> [Exercise description]:
Among the following entries, how many lines hold the string "LCSC"? State only the number.

Items from a dataset
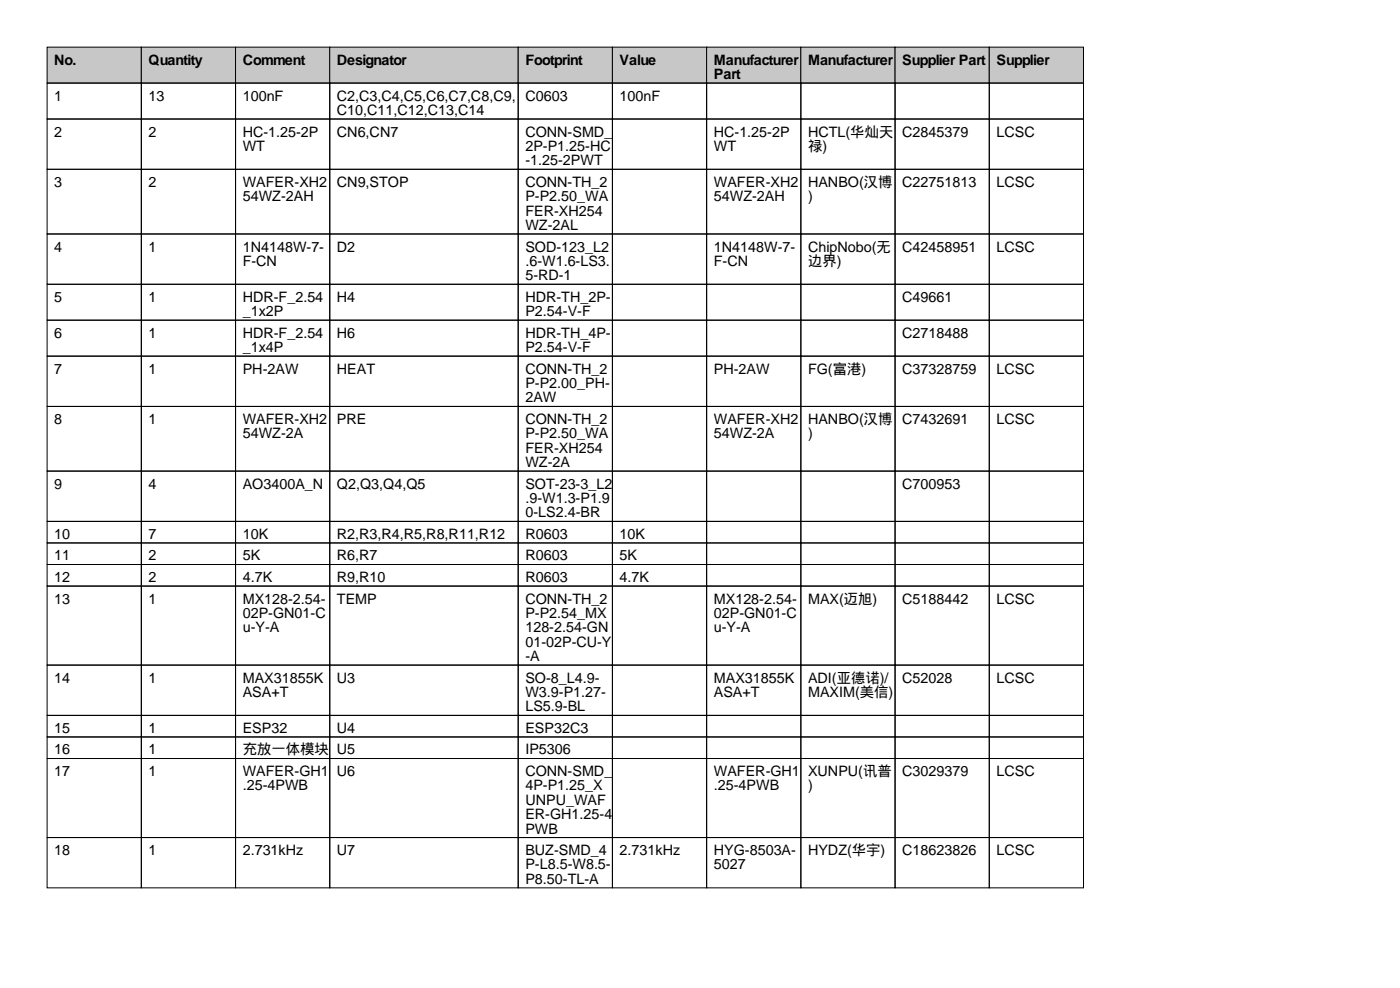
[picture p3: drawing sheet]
<svg xmlns="http://www.w3.org/2000/svg" width="297mm" height="210mm" viewBox="0 0 297 210" stroke-linecap="round" stroke-linejoin="round" font-family="sans-serif">
<defs><g id="words">
<g font-size="3">
<text x="11.5" y="13.7">No.</text>
<text x="31.5" y="13.7">Quantity</text>
<text x="51.5" y="13.7">Comment</text>
<text x="71.5" y="13.7">Designator</text>
<text x="111.5" y="13.7">Footprint</text>
<text x="131.5" y="13.7">Value</text>
<text x="151.5" y="13.7">Manufacturer</text>
<text x="151.5" y="16.8">Part</text>
<text x="171.5" y="13.7">Manufacturer</text>
<text x="191.5" y="13.7">Supplier Part</text>
<text x="211.5" y="13.7">Supplier</text>
<text x="11.5" y="21.3">1</text>
<text x="31.5" y="21.3">13</text>
<text x="51.5" y="21.3">100nF</text>
<text x="71.5" y="21.3">C2,C3,C4,C5,C6,C7,C8,C9,</text>
<text x="111.5" y="21.3">C0603</text>
<text x="131.5" y="21.3">100nF</text>
<text x="11.5" y="29">2</text>
<text x="31.5" y="29">2</text>
<text x="51.5" y="29">HC-1.25-2P</text>
<text x="71.5" y="24.4">C10,C11,C12,C13,C14</text>
<text x="71.5" y="29">CN6,CN7</text>
<text x="111.5" y="29">CONN-SMD_</text>
<text x="151.5" y="29">HC-1.25-2P</text>
<text x="171.5" y="29">HCTL(华灿天</text>
<text x="191.5" y="29">C2845379</text>
<text x="211.5" y="29">LCSC</text>
<text x="51.5" y="32">WT</text>
<text x="111.5" y="32">2P-P1.25-HC</text>
<text x="111.5" y="35.1">-1.25-2PWT</text>
<text x="151.5" y="32">WT</text>
<text x="171.5" y="32">禄)</text>
<text x="11.5" y="39.6">3</text>
<text x="31.5" y="39.6">2</text>
<text x="51.5" y="39.6">WAFER-XH2</text>
<text x="71.5" y="39.6">CN9,STOP</text>
<text x="111.5" y="39.6">CONN-TH_2</text>
<text x="151.5" y="39.6">WAFER-XH2</text>
<text x="171.5" y="39.6">HANBO(汉博</text>
<text x="191.5" y="39.6">C22751813</text>
<text x="211.5" y="39.6">LCSC</text>
<text x="51.5" y="42.7">54WZ-2AH</text>
<text x="111.5" y="42.7">P-P2.50_WA</text>
<text x="111.5" y="45.7">FER-XH254</text>
<text x="151.5" y="42.7">54WZ-2AH</text>
<text x="171.5" y="42.7">)</text>
<text x="11.5" y="53.3">4</text>
<text x="31.5" y="53.3">1</text>
<text x="51.5" y="53.3">1N4148W-7-</text>
<text x="71.5" y="53.3">D2</text>
<text x="111.5" y="48.8">WZ-2AL</text>
<text x="111.5" y="53.3">SOD-123_L2</text>
<text x="151.5" y="53.3">1N4148W-7-</text>
<text x="171.5" y="53.3">ChipNobo(无</text>
<text x="191.5" y="53.3">C42458951</text>
<text x="211.5" y="53.3">LCSC</text>
<text x="51.5" y="56.4">F-CN</text>
<text x="111.5" y="56.4">.6-W1.6-LS3.</text>
<text x="111.5" y="59.4">5-RD-1</text>
<text x="151.5" y="56.4">F-CN</text>
<text x="171.5" y="56.4">边界)</text>
<text x="11.5" y="64">5</text>
<text x="31.5" y="64">1</text>
<text x="51.5" y="64">HDR-F_2.54</text>
<text x="71.5" y="64">H4</text>
<text x="111.5" y="64">HDR-TH_2P-</text>
<text x="191.5" y="64">C49661</text>
<text x="11.5" y="71.6">6</text>
<text x="31.5" y="71.6">1</text>
<text x="51.5" y="67.1">_1x2P</text>
<text x="51.5" y="71.6">HDR-F_2.54</text>
<text x="71.5" y="71.6">H6</text>
<text x="111.5" y="67.1">P2.54-V-F</text>
<text x="111.5" y="71.6">HDR-TH_4P-</text>
<text x="191.5" y="71.6">C2718488</text>
<text x="51.5" y="74.7">_1x4P</text>
<text x="111.5" y="74.7">P2.54-V-F</text>
<text x="11.5" y="79.3">7</text>
<text x="31.5" y="79.3">1</text>
<text x="51.5" y="79.3">PH-2AW</text>
<text x="71.5" y="79.3">HEAT</text>
<text x="111.5" y="79.3">CONN-TH_2</text>
<text x="111.5" y="82.3">P-P2.00_PH-</text>
<text x="151.5" y="79.3">PH-2AW</text>
<text x="171.5" y="79.3">FG(富港)</text>
<text x="191.5" y="79.3">C37328759</text>
<text x="211.5" y="79.3">LCSC</text>
<text x="11.5" y="89.9">8</text>
<text x="31.5" y="89.9">1</text>
<text x="51.5" y="89.9">WAFER-XH2</text>
<text x="71.5" y="89.9">PRE</text>
<text x="111.5" y="85.3">2AW</text>
<text x="111.5" y="89.9">CONN-TH_2</text>
<text x="151.5" y="89.9">WAFER-XH2</text>
<text x="171.5" y="89.9">HANBO(汉博</text>
<text x="191.5" y="89.9">C7432691</text>
<text x="211.5" y="89.9">LCSC</text>
<text x="51.5" y="93">54WZ-2A</text>
<text x="111.5" y="93">P-P2.50_WA</text>
<text x="151.5" y="93">54WZ-2A</text>
<text x="171.5" y="93">)</text>
<text x="111.5" y="96">FER-XH254</text>
<text x="111.5" y="99.1">WZ-2A</text>
<text x="11.5" y="103.6">9</text>
<text x="31.5" y="103.6">4</text>
<text x="51.5" y="103.6">AO3400A_N</text>
<text x="71.5" y="103.6">Q2,Q3,Q4,Q5</text>
<text x="111.5" y="103.6">SOT-23-3_L2</text>
<text x="111.5" y="106.7">.9-W1.3-P1.9</text>
<text x="191.5" y="103.6">C700953</text>
<text x="111.5" y="109.7">0-LS2.4-BR</text>
<text x="11.5" y="114.3">10</text>
<text x="11.5" y="118.9">11</text>
<text x="31.5" y="114.3">7</text>
<text x="31.5" y="118.9">2</text>
<text x="51.5" y="114.3">10K</text>
<text x="51.5" y="118.9">5K</text>
<text x="71.5" y="114.3">R2,R3,R4,R5,R8,R11,R12</text>
<text x="71.5" y="118.9">R6,R7</text>
<text x="111.5" y="114.3">R0603</text>
<text x="111.5" y="118.9">R0603</text>
<text x="131.5" y="114.3">10K</text>
<text x="131.5" y="118.9">5K</text>
<text x="11.5" y="123.4">12</text>
<text x="31.5" y="123.4">2</text>
<text x="51.5" y="123.4">4.7K</text>
<text x="71.5" y="123.4">R9,R10</text>
<text x="111.5" y="123.4">R0603</text>
<text x="131.5" y="123.4">4.7K</text>
<text x="11.5" y="128">13</text>
<text x="31.5" y="128">1</text>
<text x="51.5" y="128">MX128-2.54-</text>
<text x="51.5" y="131.1">02P-GN01-C</text>
<text x="71.5" y="128">TEMP</text>
<text x="111.5" y="128">CONN-TH_2</text>
<text x="111.5" y="131.1">P-P2.54_MX</text>
<text x="151.5" y="128">MX128-2.54-</text>
<text x="151.5" y="131.1">02P-GN01-C</text>
<text x="171.5" y="128">MAX(迈旭)</text>
<text x="191.5" y="128">C5188442</text>
<text x="211.5" y="128">LCSC</text>
<text x="51.5" y="134.1">u-Y-A</text>
<text x="111.5" y="134.1">128-2.54-GN</text>
<text x="111.5" y="137.2">01-02P-CU-Y</text>
<text x="151.5" y="134.1">u-Y-A</text>
<text x="111.5" y="140.2">-A</text>
<text x="11.5" y="144.8">14</text>
<text x="31.5" y="144.8">1</text>
<text x="51.5" y="144.8">MAX31855K</text>
<text x="51.5" y="147.8">ASA+T</text>
<text x="71.5" y="144.8">U3</text>
<text x="111.5" y="144.8">SO-8_L4.9-</text>
<text x="111.5" y="147.8">W3.9-P1.27-</text>
<text x="151.5" y="144.8">MAX31855K</text>
<text x="151.5" y="147.8">ASA+T</text>
<text x="171.5" y="144.8">ADI(亚德诺)/</text>
<text x="171.5" y="147.8">MAXIM(美信)</text>
<text x="191.5" y="144.8">C52028</text>
<text x="211.5" y="144.8">LCSC</text>
<text x="11.5" y="155.5">15</text>
<text x="31.5" y="155.5">1</text>
<text x="51.5" y="155.5">ESP32</text>
<text x="71.5" y="155.5">U4</text>
<text x="111.5" y="150.9">LS5.9-BL</text>
<text x="111.5" y="155.5">ESP32C3</text>
<text x="11.5" y="160">16</text>
<text x="31.5" y="160">1</text>
<text x="51.5" y="160">充放一体模块</text>
<text x="71.5" y="160">U5</text>
<text x="111.5" y="160">IP5306</text>
<text x="11.5" y="164.6">17</text>
<text x="31.5" y="164.6">1</text>
<text x="51.5" y="164.6">WAFER-GH1</text>
<text x="51.5" y="167.6">.25-4PWB</text>
<text x="71.5" y="164.6">U6</text>
<text x="111.5" y="164.6">CONN-SMD_</text>
<text x="111.5" y="167.6">4P-P1.25_X</text>
<text x="151.5" y="164.6">WAFER-GH1</text>
<text x="151.5" y="167.6">.25-4PWB</text>
<text x="171.5" y="164.6">XUNPU(讯普</text>
<text x="171.5" y="167.6">)</text>
<text x="191.5" y="164.6">C3029379</text>
<text x="211.5" y="164.6">LCSC</text>
<text x="111.5" y="170.7">UNPU_WAF</text>
<text x="111.5" y="173.7">ER-GH1.25-4</text>
<text x="111.5" y="176.8">PWB</text>
<text x="11.5" y="181.4">18</text>
<text x="31.5" y="181.4">1</text>
<text x="51.5" y="181.4">2.731kHz</text>
<text x="71.5" y="181.4">U7</text>
<text x="111.5" y="181.4">BUZ-SMD_4</text>
<text x="111.5" y="184.4">P-L8.5-W8.5-</text>
<text x="131.5" y="181.4">2.731kHz</text>
<text x="151.5" y="181.4">HYG-8503A-</text>
<text x="151.5" y="184.4">5027</text>
<text x="171.5" y="181.4">HYDZ(华宇)</text>
<text x="191.5" y="181.4">C18623826</text>
<text x="211.5" y="181.4">LCSC</text>
<text x="111.5" y="187.5">P8.50-TL-A</text>
</g>
</g></defs>
<g fill="#c7c7c7" stroke="#000" stroke-width=".21">
<path d="M10 10h20v7.6h-20z"/>
<path d="M30 10h20v7.6h-20z"/>
<path d="M50 10h20v7.6h-20z"/>
<path d="M70 10h40v7.6h-40z"/>
<path d="M110 10h20v7.6h-20z"/>
<path d="M130 10h20v7.6h-20z"/>
<path d="M150 10h20v7.6h-20z"/>
<path d="M170 10h20v7.6h-20z"/>
<path d="M190 10h20v7.6h-20z"/>
<path d="M210 10h20v7.6h-20z"/>
</g>
<g fill="none" stroke="#000" stroke-width=".21">
<path d="M10 17.6h20v7.6h-20zM30 17.6h20v7.6h-20zM50 17.6h20v7.6h-20zM70 17.6h40v7.6h-40zM110 17.6h20v7.6h-20zM130 17.6h20v7.6h-20zM150 17.6h20v7.6h-20zM170 17.6h20v7.6h-20zM190 17.6h20v7.6h-20zM210 17.6h20v7.6h-20zM10 25.2h20v10.7h-20zM10 35.9h20v13.7h-20z"/>
<path d="M30 25.2h20v10.7h-20zM30 35.9h20v13.7h-20zM50 25.2h20v10.7h-20zM50 35.9h20v13.7h-20zM70 25.2h40v10.7h-40zM70 35.9h40v13.7h-40zM110 25.2h20v10.7h-20zM110 35.9h20v13.7h-20zM130 25.2h20v10.7h-20zM130 35.9h20v13.7h-20zM150 25.2h20v10.7h-20zM150 35.9h20v13.7h-20z"/>
<path d="M170 25.2h20v10.7h-20zM170 35.9h20v13.7h-20zM190 25.2h20v10.7h-20zM190 35.9h20v13.7h-20zM210 25.2h20v10.7h-20zM210 35.9h20v13.7h-20zM10 49.6h20v10.7h-20zM30 49.6h20v10.7h-20zM50 49.6h20v10.7h-20zM70 49.6h40v10.7h-40zM110 49.6h20v10.7h-20zM130 49.6h20v10.7h-20z"/>
<path d="M150 49.6h20v10.7h-20zM170 49.6h20v10.7h-20zM190 49.6h20v10.7h-20zM210 49.6h20v10.7h-20zM10 60.3h20v7.6h-20zM10 67.9h20v7.6h-20zM10 75.5h20v10.7h-20zM30 60.3h20v7.6h-20zM30 67.9h20v7.6h-20zM30 75.5h20v10.7h-20zM50 60.3h20v7.6h-20zM50 67.9h20v7.6h-20z"/>
<path d="M50 75.5h20v10.7h-20zM70 60.3h40v7.6h-40zM70 67.9h40v7.6h-40zM70 75.5h40v10.7h-40zM110 60.3h20v7.6h-20zM110 67.9h20v7.6h-20zM110 75.5h20v10.7h-20zM130 60.3h20v7.6h-20zM130 67.9h20v7.6h-20zM130 75.5h20v10.7h-20zM150 60.3h20v7.6h-20zM150 67.9h20v7.6h-20z"/>
<path d="M150 75.5h20v10.7h-20zM170 60.3h20v7.6h-20zM170 67.9h20v7.6h-20zM170 75.5h20v10.7h-20zM190 60.3h20v7.6h-20zM190 67.9h20v7.6h-20zM190 75.5h20v10.7h-20zM210 60.3h20v7.6h-20zM210 67.9h20v7.6h-20zM210 75.5h20v10.7h-20zM10 86.2h20v13.7h-20zM10 99.9h20v10.7h-20z"/>
<path d="M30 86.2h20v13.7h-20zM30 99.9h20v10.7h-20zM50 86.2h20v13.7h-20zM50 99.9h20v10.7h-20zM70 86.2h40v13.7h-40zM70 99.9h40v10.7h-40zM110 86.2h20v13.7h-20zM110 99.9h20v10.7h-20zM130 86.2h20v13.7h-20zM130 99.9h20v10.7h-20zM150 86.2h20v13.7h-20zM150 99.9h20v10.7h-20z"/>
<path d="M170 86.2h20v13.7h-20zM170 99.9h20v10.7h-20zM190 86.2h20v13.7h-20zM190 99.9h20v10.7h-20zM210 86.2h20v13.7h-20zM210 99.9h20v10.7h-20zM10 110.6h20v4.6h-20zM10 115.2h20v4.5h-20zM10 119.7h20v4.6h-20zM30 110.6h20v4.6h-20zM30 115.2h20v4.5h-20zM30 119.7h20v4.6h-20z"/>
<path d="M50 110.6h20v4.6h-20zM50 115.2h20v4.5h-20zM50 119.7h20v4.6h-20zM70 110.6h40v4.6h-40zM70 115.2h40v4.5h-40zM70 119.7h40v4.6h-40zM110 110.6h20v4.6h-20zM110 115.2h20v4.5h-20zM110 119.7h20v4.6h-20zM130 110.6h20v4.6h-20zM130 115.2h20v4.5h-20zM130 119.7h20v4.6h-20z"/>
<path d="M150 110.6h20v4.6h-20zM150 115.2h20v4.5h-20zM150 119.7h20v4.6h-20zM170 110.6h20v4.6h-20zM170 115.2h20v4.5h-20zM170 119.7h20v4.6h-20zM190 110.6h20v4.6h-20zM190 115.2h20v4.5h-20zM190 119.7h20v4.6h-20zM210 110.6h20v4.6h-20zM210 115.2h20v4.5h-20zM210 119.7h20v4.6h-20z"/>
<path d="M10 124.3h20v16.8h-20zM30 124.3h20v16.8h-20zM50 124.3h20v16.8h-20zM70 124.3h40v16.8h-40zM110 124.3h20v16.8h-20zM130 124.3h20v16.8h-20zM150 124.3h20v16.8h-20zM170 124.3h20v16.8h-20zM190 124.3h20v16.8h-20zM210 124.3h20v16.8h-20zM10 141.1h20v10.6h-20zM10 151.7h20v4.6h-20z"/>
<path d="M10 156.3h20v4.6h-20zM30 141.1h20v10.6h-20zM30 151.7h20v4.6h-20zM30 156.3h20v4.6h-20zM50 141.1h20v10.6h-20zM50 151.7h20v4.6h-20zM50 156.3h20v4.6h-20zM70 141.1h40v10.6h-40zM70 151.7h40v4.6h-40zM70 156.3h40v4.6h-40zM110 141.1h20v10.6h-20zM110 151.7h20v4.6h-20z"/>
<path d="M110 156.3h20v4.6h-20zM130 141.1h20v10.6h-20zM130 151.7h20v4.6h-20zM130 156.3h20v4.6h-20zM150 141.1h20v10.6h-20zM150 151.7h20v4.6h-20zM150 156.3h20v4.6h-20zM170 141.1h20v10.6h-20zM170 151.7h20v4.6h-20zM170 156.3h20v4.6h-20zM190 141.1h20v10.6h-20zM190 151.7h20v4.6h-20z"/>
<path d="M190 156.3h20v4.6h-20zM210 141.1h20v10.6h-20zM210 151.7h20v4.6h-20zM210 156.3h20v4.6h-20zM10 160.9h20v16.7h-20zM10 177.6h20v10.7h-20zM30 160.9h20v16.7h-20zM30 177.6h20v10.7h-20zM50 160.9h20v16.7h-20zM50 177.6h20v10.7h-20zM70 160.9h40v16.7h-40zM70 177.6h40v10.7h-40z"/>
<path d="M110 160.9h20v16.7h-20zM110 177.6h20v10.7h-20zM130 160.9h20v16.7h-20zM130 177.6h20v10.7h-20zM150 160.9h20v16.7h-20zM150 177.6h20v10.7h-20zM170 160.9h20v16.7h-20zM170 177.6h20v10.7h-20zM190 160.9h20v16.7h-20zM190 177.6h20v10.7h-20zM210 160.9h20v16.7h-20zM210 177.6h20v10.7h-20z"/>
</g>
<use href="#words"/>
</svg>

> [Solution to the problem]:
9